判例データベース
H社雇用契約上の地位確認等請求控訴事件
- 事件の分類
- 雇止め
- 事件名
- H社雇用契約上の地位確認等請求控訴事件
- 事件番号
- 東京高裁 − 昭和61年(ネ)第2116号
- 当事者
- 控訴人 株式会社H
被控訴人 個人2名 - 業種
- サービス業
- 判決・決定
- 判決
- 判決決定年月日
- 1987年03月25日
- 判決決定区分
- 控訴棄却(控訴人敗訴)
- 事件の概要
- 被控訴人Aは、昭和40年、被控訴人Bは昭和49年に株式会社Hにパートとして雇用された。その際、雇用契約書を交わしたり、期間を定めたりはしていなかったが、その後昭和55年ころから、パート従業員の雇用期間を1年と明記する労働契約を締結するようになり、Aは2回更新し、Bは1回更新した。昭和58年4月、A、Bに対して、同年5月に期間満了し契約更新はしない旨の通告がなされた。これに対し、Aらは地位保全の仮処分を申請し、静岡地裁は認容した(昭和58年8月16日)。その後、両者間に和解が成立したため、右仮処分は事情変更を理由として取消す判決が下された(昭和59年11月20日)。

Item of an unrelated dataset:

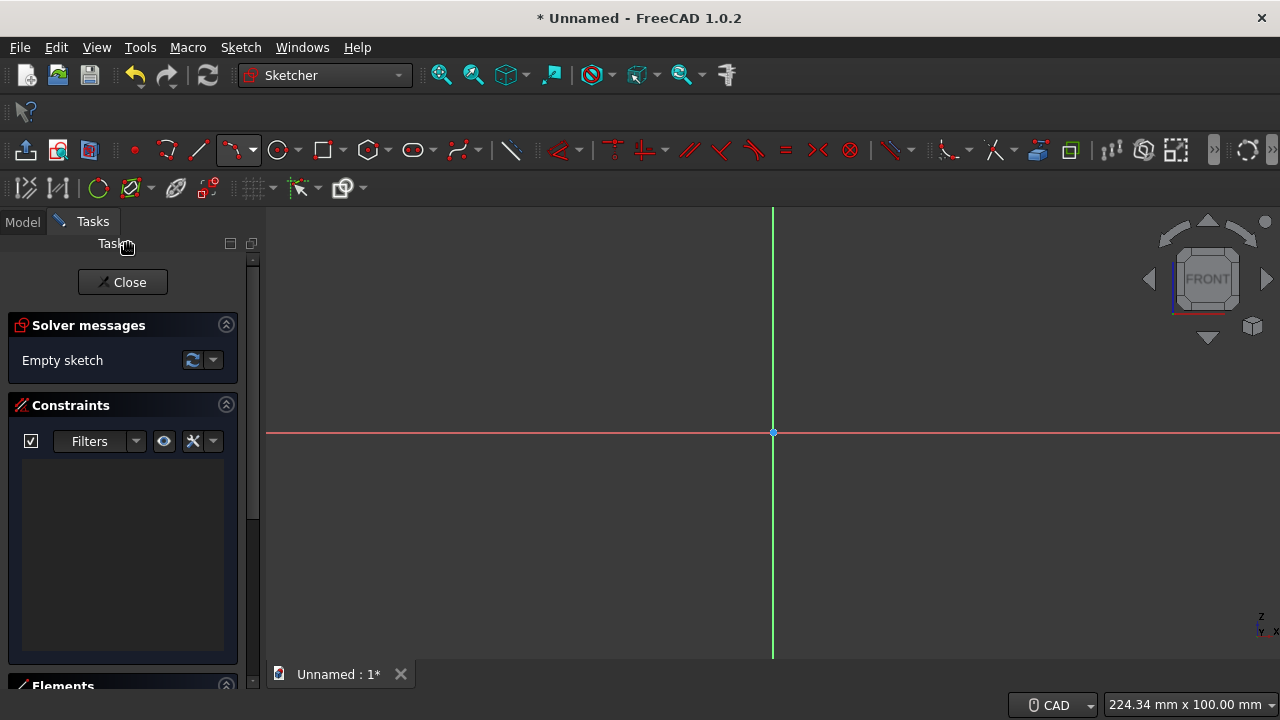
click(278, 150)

しかし、就労再開後、A、Bは従前の衣装、包装の仕事でなく、草取りや門の開閉、ガラス拭き等の雑務に就労させられ、屈辱感を味わわされ、またその結果、腕や背中を痛め、通院加療し労災給付を受け、昭和59年7月初旬から欠勤を余儀なくされた。被控訴人Aは昭和60年8月から、被控訴人Bは昭和59年8月から就労が可能となり現職復帰を求めたが、控訴人はこれを認めなかった。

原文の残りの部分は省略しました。